- Task to complete: Lift out each line of the data that holds "layers".

- Provided records:
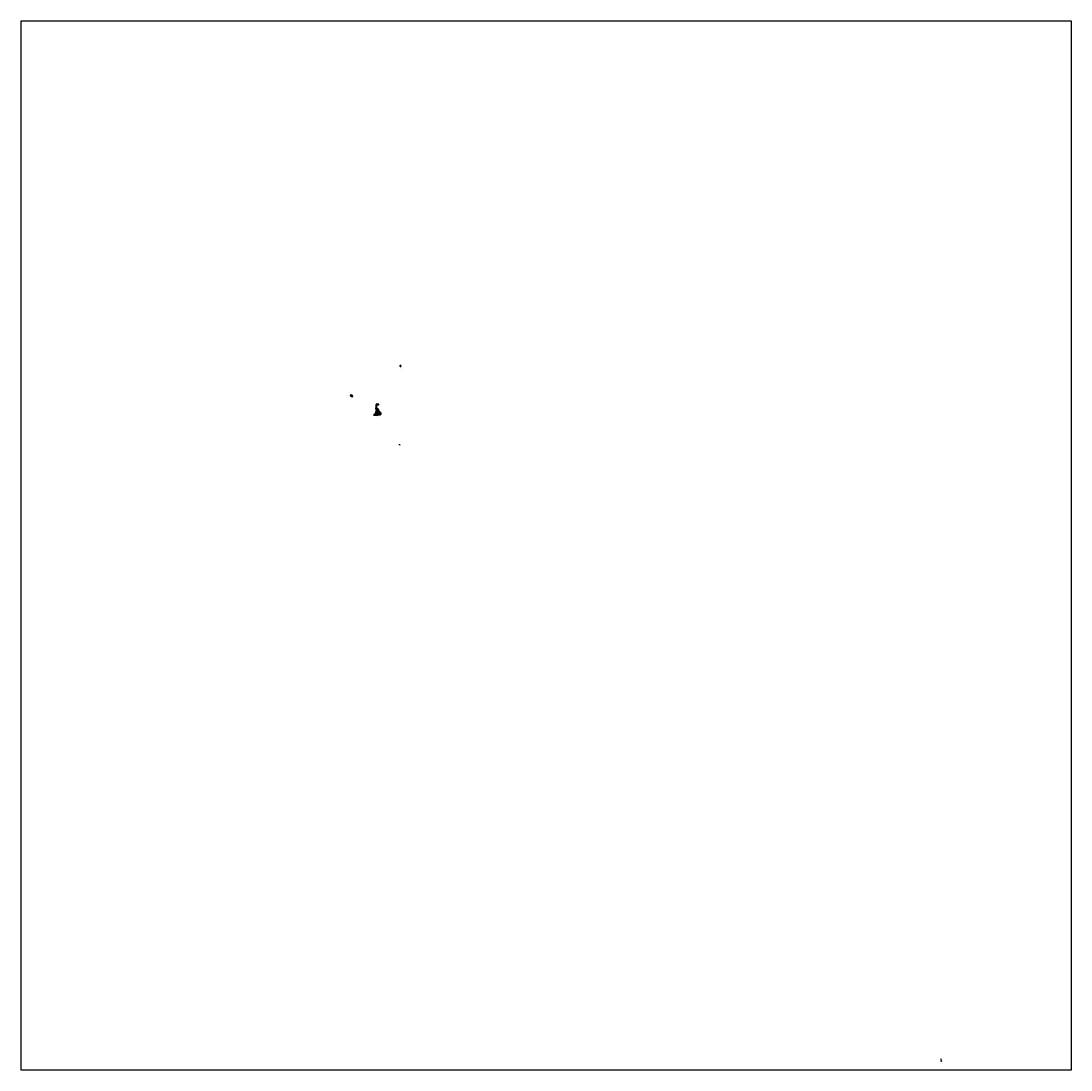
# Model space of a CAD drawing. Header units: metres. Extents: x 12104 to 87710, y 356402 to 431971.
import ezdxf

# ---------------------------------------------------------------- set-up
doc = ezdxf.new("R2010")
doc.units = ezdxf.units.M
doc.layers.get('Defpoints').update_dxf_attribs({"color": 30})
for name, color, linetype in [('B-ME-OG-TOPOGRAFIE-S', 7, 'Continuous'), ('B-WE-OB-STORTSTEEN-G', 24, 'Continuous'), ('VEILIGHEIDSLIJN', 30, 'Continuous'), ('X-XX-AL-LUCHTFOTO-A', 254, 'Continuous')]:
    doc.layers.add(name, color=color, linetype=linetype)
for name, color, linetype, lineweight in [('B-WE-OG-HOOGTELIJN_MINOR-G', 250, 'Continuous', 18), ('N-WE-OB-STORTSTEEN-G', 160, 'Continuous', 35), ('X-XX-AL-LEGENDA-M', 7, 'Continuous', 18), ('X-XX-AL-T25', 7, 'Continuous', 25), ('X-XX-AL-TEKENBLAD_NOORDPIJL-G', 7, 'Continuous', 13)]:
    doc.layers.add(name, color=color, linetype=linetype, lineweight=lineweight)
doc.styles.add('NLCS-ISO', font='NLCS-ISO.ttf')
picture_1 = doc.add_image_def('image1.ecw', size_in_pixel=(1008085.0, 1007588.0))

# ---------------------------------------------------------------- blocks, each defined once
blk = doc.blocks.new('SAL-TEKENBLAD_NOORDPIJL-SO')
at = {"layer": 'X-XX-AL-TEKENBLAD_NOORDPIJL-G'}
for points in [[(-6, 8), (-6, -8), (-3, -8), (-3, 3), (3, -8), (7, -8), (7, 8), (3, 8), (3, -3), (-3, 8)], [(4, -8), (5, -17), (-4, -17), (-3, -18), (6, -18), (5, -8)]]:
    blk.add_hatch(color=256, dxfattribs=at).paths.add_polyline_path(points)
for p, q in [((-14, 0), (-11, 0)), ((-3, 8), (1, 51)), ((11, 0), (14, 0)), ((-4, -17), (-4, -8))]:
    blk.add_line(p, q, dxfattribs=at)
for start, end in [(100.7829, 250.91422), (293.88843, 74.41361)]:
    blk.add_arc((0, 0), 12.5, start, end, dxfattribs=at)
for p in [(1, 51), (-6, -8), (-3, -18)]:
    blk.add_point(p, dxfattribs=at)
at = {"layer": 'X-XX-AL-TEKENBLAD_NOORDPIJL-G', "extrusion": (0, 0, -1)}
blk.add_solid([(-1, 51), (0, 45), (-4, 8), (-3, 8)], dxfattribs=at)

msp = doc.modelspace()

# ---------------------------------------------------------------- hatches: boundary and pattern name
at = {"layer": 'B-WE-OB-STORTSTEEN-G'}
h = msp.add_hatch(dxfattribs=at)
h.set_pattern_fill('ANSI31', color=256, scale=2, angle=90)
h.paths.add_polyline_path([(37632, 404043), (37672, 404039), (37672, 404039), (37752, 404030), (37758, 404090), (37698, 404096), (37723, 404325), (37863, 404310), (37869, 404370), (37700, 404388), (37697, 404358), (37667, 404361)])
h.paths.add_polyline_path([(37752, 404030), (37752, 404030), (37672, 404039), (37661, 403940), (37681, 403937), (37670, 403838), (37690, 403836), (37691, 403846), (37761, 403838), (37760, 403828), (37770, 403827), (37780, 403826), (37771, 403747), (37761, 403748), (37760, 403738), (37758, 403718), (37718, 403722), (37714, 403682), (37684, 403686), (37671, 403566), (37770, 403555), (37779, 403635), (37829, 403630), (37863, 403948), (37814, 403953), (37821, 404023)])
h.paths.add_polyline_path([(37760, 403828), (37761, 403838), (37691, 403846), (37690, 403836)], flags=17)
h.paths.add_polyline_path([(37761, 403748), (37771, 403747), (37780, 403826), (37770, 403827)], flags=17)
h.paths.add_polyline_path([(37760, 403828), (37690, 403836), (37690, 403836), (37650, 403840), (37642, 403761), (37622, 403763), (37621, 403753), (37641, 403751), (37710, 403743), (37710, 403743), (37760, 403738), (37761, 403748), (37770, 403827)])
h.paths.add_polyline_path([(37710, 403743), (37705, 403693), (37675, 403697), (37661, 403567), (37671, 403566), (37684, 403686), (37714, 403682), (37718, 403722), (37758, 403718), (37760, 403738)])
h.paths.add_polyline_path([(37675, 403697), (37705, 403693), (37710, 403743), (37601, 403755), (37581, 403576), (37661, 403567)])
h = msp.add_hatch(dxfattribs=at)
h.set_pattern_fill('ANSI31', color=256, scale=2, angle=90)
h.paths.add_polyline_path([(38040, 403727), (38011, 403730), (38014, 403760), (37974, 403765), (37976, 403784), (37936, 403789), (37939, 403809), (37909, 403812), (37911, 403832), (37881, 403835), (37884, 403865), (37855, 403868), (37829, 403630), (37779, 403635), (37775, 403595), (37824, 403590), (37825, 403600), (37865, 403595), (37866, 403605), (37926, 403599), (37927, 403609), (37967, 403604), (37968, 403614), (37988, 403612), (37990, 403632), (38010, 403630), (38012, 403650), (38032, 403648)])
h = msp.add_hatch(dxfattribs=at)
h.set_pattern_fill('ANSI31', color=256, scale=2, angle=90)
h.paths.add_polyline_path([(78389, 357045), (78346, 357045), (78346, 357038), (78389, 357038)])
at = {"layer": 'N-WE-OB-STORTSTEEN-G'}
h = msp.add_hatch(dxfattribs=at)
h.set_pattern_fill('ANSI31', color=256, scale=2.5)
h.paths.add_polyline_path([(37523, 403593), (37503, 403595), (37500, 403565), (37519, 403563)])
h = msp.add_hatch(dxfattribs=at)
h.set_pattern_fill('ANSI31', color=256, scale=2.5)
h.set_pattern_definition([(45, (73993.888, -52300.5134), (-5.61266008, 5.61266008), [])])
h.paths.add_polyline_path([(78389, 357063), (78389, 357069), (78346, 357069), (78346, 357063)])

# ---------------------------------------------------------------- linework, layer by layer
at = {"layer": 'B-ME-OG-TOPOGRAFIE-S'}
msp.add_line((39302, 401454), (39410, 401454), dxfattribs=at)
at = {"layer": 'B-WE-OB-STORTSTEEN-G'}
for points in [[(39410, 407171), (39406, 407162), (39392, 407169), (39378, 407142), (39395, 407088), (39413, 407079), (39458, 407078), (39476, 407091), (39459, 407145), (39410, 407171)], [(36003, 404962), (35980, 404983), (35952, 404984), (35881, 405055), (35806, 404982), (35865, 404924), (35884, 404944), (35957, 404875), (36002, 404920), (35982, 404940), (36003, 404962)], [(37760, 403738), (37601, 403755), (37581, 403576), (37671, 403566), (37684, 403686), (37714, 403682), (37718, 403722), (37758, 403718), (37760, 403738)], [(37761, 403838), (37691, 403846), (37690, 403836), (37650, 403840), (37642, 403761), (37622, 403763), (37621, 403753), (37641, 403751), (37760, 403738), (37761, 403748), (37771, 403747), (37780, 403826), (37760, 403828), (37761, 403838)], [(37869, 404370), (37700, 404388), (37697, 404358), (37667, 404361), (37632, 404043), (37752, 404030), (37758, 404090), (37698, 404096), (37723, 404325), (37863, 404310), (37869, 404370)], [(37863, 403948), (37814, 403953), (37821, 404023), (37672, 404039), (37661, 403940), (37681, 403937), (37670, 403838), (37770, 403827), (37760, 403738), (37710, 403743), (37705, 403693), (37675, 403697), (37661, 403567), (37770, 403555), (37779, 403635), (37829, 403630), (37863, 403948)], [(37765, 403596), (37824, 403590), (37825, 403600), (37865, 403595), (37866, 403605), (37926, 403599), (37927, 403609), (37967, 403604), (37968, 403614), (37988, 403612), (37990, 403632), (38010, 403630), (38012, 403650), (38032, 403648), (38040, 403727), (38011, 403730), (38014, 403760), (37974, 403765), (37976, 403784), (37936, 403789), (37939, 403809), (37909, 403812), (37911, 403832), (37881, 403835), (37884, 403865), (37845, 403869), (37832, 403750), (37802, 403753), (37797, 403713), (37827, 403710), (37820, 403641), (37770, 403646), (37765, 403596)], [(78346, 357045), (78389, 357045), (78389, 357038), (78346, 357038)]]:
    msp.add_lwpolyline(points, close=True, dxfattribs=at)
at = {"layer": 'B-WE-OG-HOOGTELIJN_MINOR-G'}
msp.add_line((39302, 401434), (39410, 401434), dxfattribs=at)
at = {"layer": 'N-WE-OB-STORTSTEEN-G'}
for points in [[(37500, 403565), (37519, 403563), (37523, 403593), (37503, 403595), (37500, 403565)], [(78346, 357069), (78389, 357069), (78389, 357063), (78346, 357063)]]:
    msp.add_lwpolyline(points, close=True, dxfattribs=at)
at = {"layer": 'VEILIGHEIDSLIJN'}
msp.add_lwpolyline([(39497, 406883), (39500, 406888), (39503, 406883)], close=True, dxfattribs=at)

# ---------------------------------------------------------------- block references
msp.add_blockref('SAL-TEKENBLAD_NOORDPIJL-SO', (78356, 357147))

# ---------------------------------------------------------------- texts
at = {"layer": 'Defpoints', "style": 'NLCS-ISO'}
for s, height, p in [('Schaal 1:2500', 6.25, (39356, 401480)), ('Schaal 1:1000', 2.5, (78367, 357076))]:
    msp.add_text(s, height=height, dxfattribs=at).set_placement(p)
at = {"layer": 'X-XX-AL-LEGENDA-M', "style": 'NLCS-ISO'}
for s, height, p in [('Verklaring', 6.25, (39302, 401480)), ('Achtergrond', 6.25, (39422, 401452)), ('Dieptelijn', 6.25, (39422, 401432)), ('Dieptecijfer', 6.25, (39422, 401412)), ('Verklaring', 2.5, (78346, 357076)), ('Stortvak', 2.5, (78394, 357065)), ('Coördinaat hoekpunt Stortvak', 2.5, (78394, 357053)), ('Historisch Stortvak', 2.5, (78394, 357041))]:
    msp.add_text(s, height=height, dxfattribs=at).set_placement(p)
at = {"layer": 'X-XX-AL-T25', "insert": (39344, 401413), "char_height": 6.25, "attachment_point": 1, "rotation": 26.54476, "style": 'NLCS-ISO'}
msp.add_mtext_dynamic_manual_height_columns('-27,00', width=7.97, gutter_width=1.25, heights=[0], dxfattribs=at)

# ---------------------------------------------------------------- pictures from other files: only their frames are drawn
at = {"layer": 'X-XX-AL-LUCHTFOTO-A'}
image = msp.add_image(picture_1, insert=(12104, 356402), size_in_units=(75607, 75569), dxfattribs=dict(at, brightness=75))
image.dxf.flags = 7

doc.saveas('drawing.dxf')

- Response area:
doc.layers.get('Defpoints').update_dxf_attribs({"color": 30})
    doc.layers.add(name, color=color, linetype=linetype)
    doc.layers.add(name, color=color, linetype=linetype, lineweight=lineweight)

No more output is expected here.